Stored records
══════════

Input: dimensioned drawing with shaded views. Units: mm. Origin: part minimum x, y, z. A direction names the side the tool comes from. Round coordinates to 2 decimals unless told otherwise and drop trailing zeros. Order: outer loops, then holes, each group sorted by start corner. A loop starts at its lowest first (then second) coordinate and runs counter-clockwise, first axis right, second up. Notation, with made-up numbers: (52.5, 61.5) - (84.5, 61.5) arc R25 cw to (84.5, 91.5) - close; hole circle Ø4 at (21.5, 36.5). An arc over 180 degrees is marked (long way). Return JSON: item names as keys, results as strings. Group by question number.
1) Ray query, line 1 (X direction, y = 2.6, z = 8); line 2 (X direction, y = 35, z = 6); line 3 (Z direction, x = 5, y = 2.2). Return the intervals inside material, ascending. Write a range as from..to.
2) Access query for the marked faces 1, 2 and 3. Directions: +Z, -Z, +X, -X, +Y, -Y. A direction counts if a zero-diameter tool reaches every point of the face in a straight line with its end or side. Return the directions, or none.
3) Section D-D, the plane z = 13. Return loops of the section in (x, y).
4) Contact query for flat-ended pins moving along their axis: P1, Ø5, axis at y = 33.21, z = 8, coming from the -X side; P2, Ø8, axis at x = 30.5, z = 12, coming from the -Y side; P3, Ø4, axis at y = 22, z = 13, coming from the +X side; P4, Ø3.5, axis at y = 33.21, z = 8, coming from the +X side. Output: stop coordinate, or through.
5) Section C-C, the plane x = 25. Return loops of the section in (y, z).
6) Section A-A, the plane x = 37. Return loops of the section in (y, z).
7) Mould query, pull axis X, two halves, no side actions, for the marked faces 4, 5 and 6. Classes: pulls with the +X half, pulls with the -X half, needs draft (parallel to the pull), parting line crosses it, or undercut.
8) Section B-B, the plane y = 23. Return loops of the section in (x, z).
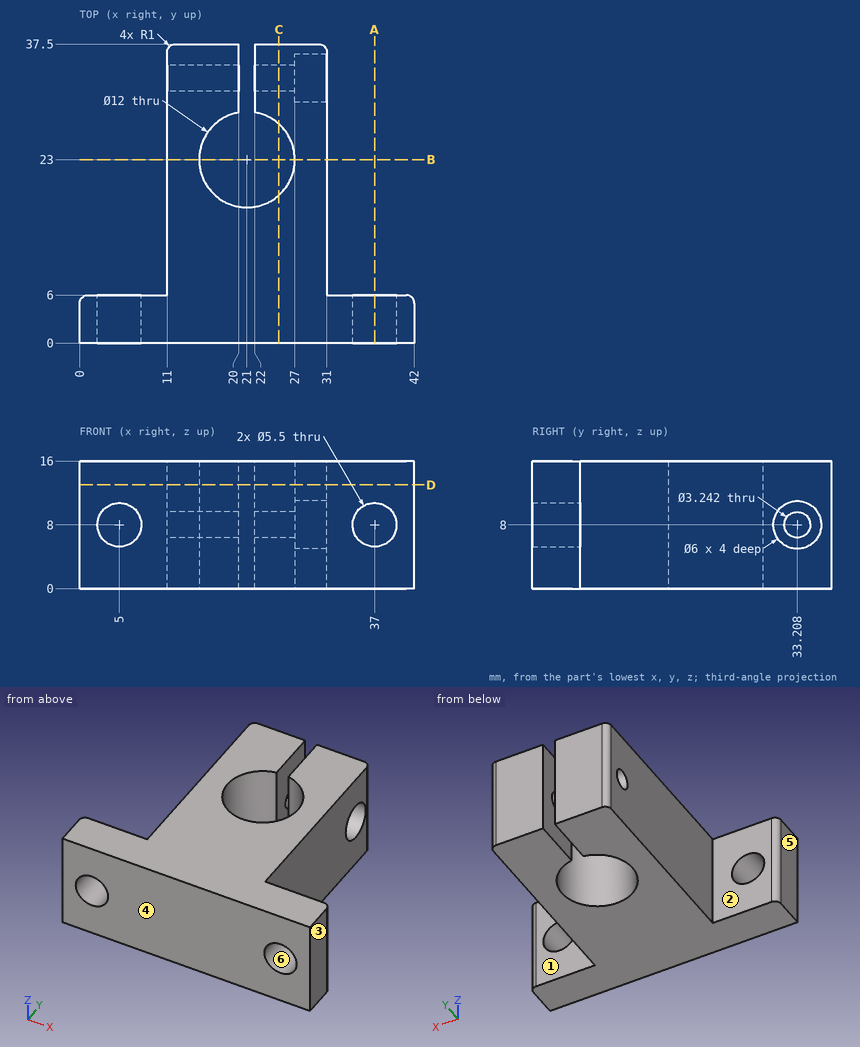
Geometry check:
{
 "1": {"line 1": "0..2.25, 7.75..34.25, 39.75..42", "line 2": "11..20, 22..27", "line 3": "0..5.25, 10.75..16"},
 "2": {"face 1": "+Z, -Z, +X, +Y", "face 2": "+Z, -Z, -X, +Y", "face 3": "+Z, -Z, +X, +Y, -Y"},
 "3": {"outline": "(0, 0) - (42, 0) - (42, 5) arc R1 ccw to (41, 6) - (31, 6) - (31, 36.5) arc R1 ccw to (30, 37.5) - (22, 37.5) - (22, 28.92) arc R6 cw (long way) to (20, 28.92) - (20, 37.5) - (12, 37.5) arc R1 ccw to (11, 36.5) - (11, 6) - (1, 6) arc R1 ccw to (0, 5) - close"},
 "4": {"P1": "x = 11", "P2": "y = 0", "P3": "x = 31", "P4": "x = 27"},
 "5": {"outline": "(0, 0) - (18.53, 0) - (18.53, 16) - (0, 16) - close; (27.47, 0) - (37.5, 0) - (37.5, 16) - (27.47, 16) - close; hole circle Ø3.24 at (33.21, 8)"},
 "6": {"outline": "(0, 0) - (6, 0) - (6, 5.25) - (0, 5.25) - close; (0, 10.75) - (6, 10.75) - (6, 16) - (0, 16) - close"},
 "7": {"face 4": "needs draft", "face 5": "pulls with the -X half", "face 6": "undercut"},
 "8": {"outline": "(11, 0) - (15, 0) - (15, 16) - (11, 16) - close; (27, 0) - (31, 0) - (31, 16) - (27, 16) - close"}
}
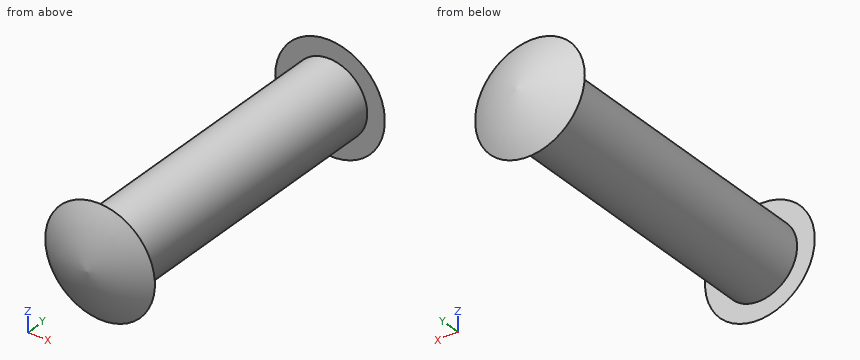
from build123d import *

# Parameters (mm, degrees)
SKETCH1_R           = 3.175
BOSS_EXTRUDE1_DEPTH = 12.7889


with BuildPart() as part:
    # Sketch1 → Boss-Extrude1 (new body, symmetric)
    with BuildSketch(Plane(origin=(0, 0, 0), x_dir=(1, 0, 0), z_dir=(0, 1, 0))):
        Circle(SKETCH1_R)
    extrude(amount=BOSS_EXTRUDE1_DEPTH, both=True)

    # Sketch3 → Revolve1 (revolve)
    with BuildSketch(Plane.XY):
        with BuildLine():
            Line((0, 12.7889), (-4.68122, 12.7889))
            add(Edge.make_bspline(
                [(-4.68122, 12.7889), (-2.485687352, 14.067463283), (0, 14.3129)],
                knots=[0, 0, 0, 1, 1, 1], degree=2))
            Line((0, 14.3129), (0, 12.7889))
        make_face()
    revolve1 = revolve(axis=Axis((0, 12.7889, 0), (0, 1, 0)))

    # Mirror1: Revolve1 across plane
    add(revolve1.mirror(Plane.ZX))


solid = part.part
Build history of the part. All positions in model axes, mm. Coordinates: 2 decimals unless noted, no trailing zeros. Order: outer loops, then holes, each group sorted by start corner. A loop starts at its lowest first (then second) coordinate and runs counter-clockwise, first axis right, second up. Notation, with made-up numbers: (44.5, -40) - (76.5, -40) arc R22 ccw to (76.5, -4) - close; hole circle Ø7 at (14.25, 45). An arc over 180 degrees is marked (long way). Put each result on its own line as item: value.
1. Drop flat-ended pins along their axis: P1, Ø2, axis at x = 3.5, z = -0.5, coming from the +Y side; P2, Ø3, axis at y = 3.5, z = 3, coming from the -X side; P3, Ø4, axis at x = 3, z = 0, coming from the +Y side. Give the stop position or say it passes through.
Answer sheet:
P1: stops at y = 13.77
P2: stops at x = -2.8
P3: stops at y = 14.17
2. Saw through at A-A (y = 12.25). Write the cut outline in (x, z) (3 decimals).
Answer sheet:
outline: circle Ø6.35 at (0, 0)
3. Probe line 1 along Y through (x, z) = (4, -0.5); line 2 along X through (y, z) = (3.25, 0) (3 decimals); line 3 along Y through (x, z) = (3.5, 2.5). List the from-to ranges inside material, lowest first. Write a range as [from, to].
Answer sheet:
line 1: y = [-13.14, -12.79], [12.79, 13.14]
line 2: x = [-3.175, 3.175]
line 3: y = [-13, -12.79], [12.79, 13]
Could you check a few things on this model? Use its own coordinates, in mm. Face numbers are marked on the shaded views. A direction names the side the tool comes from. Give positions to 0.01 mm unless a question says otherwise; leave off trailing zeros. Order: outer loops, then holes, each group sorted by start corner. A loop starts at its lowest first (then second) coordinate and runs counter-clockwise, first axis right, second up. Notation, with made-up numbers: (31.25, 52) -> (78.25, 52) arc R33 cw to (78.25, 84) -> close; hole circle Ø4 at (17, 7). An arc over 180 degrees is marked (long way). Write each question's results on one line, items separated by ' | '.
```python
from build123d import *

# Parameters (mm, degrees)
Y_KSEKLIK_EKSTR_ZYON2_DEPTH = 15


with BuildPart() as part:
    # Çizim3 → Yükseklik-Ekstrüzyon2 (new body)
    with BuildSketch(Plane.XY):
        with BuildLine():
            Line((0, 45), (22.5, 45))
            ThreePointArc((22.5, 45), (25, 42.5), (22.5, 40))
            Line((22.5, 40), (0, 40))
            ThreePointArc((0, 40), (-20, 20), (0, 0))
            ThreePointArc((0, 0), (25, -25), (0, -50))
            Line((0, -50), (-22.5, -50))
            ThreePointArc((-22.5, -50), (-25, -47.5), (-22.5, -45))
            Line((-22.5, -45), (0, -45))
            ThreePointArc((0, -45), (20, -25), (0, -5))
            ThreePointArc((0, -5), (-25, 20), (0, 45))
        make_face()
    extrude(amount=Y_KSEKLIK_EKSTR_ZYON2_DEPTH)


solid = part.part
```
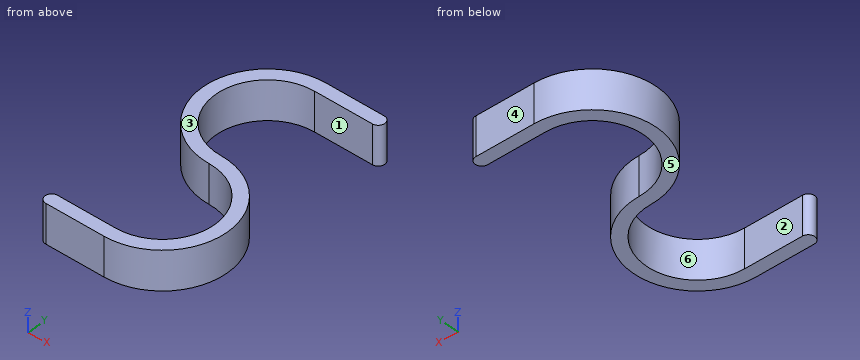
Q1. For the marked faces 1, 2 and 3, which set-ups out of +Z, -Z, +X, -X, +Y, -Y let a thin tool reach every point of the face, with its end or its side?
Here are the results:
face 1: +Z, -Z, +X | face 2: +Z, -Z, -X | face 3: +Z, +X, -X, +Y, -Y
Q2. I'm going to push flat-ended pins straight in: pin 1 Ø2 at (x, z) = (-18.5, 4.5) entering from +Y; pin 2 Ø4 at (y, z) = (20.5, 11.5) entering from +X; pin 3 Ø8 at (x, z) = (-10.5, 6) entering from +Y. Where does each tip first touch, or does it pass through?
Here are the results:
pin 1: stops at y = 37.85 | pin 2: stops at x = -19.84 | pin 3: stops at y = 44.14
Q3. Suppose I cut it at A-A on x = 5.5. Please give me the cut outline in (y, z), and give its area (3 significant figures).
Here are the results:
outline: (-49.39, 0) -> (-44.23, 0) -> (-44.23, 15) -> (-49.39, 15) -> close; (-5.77, 0) -> (-0.61, 0) -> (-0.61, 15) -> (-5.77, 15) -> close; (40, 0) -> (45, 0) -> (45, 15) -> (40, 15) -> close | area: 230 mm²
Q4. Thinking about a two-plate mould opening in Y: for the marked faces 4, 5 and 6, which applies, +Y half, -Y half, draft (parallel to the pull), parting line (faces both ways), or undercut?
Here are the results:
face 4: +Y half | face 5: draft | face 6: undercut
Q5. Suppose I cut it at D-D on x = -19. Please give me the cut outline in (y, z) (3 decimals).
Here are the results:
outline: (-50, 0) -> (-45, 0) -> (-45, 15) -> (-50, 15) -> close; (3.752, 0) -> (13.755, 0) -> (13.755, 15) -> (3.752, 15) -> close; (26.245, 0) -> (36.248, 0) -> (36.248, 15) -> (26.245, 15) -> close
Q6. Suppose I cut it at C-C on y = -25. Please give me the cut outline in (x, z), and give its area (3 significant figures).
Here are the results:
outline: (20, 0) -> (25, 0) -> (25, 15) -> (20, 15) -> close | area: 75.0 mm²
Q7. Suppose I cut it at B-B on z = 10. Please give me the cut outline in (x, y), and give its area (3 significant figures).
Here are the results:
outline: (-22.5, -50) -> (0, -50) arc R25 ccw to (0, 0) arc R20 cw to (0, 40) -> (22.5, 40) arc R2.5 ccw to (22.5, 45) -> (0, 45) arc R25 ccw to (0, -5) arc R20 cw to (0, -45) -> (-22.5, -45) arc R2.5 ccw to start | area: 951 mm²
Q8. I need wall thicknesses on line 1 along Y through (x, z) = (0.5, 8.5) (3 decimals); line 2 along Y through (x, z) = (-16.5, 9.25); line 3 along Y through (x, z) = (21.5, 3). Which ranges of each line are inside material? Lowest first, please.
Here are the results:
line 1: y = -49.995 to -44.994, -5.006 to -0.005, 40 to 45 | line 2: y = -50 to -45, 1.22 to 8.7, 31.3 to 38.78 | line 3: y = -37.76 to -12.24, 40 to 45

══════════

▸ **TASK TO COMPLETE**:
Search the entries above for the string "stops", and report each line where it occurs.

▸ **TASK RESULT**:
P1: stops at y = 13.77
P2: stops at x = -2.8
P3: stops at y = 14.17
pin 1: stops at y = 37.85 | pin 2: stops at x = -19.84 | pin 3: stops at y = 44.14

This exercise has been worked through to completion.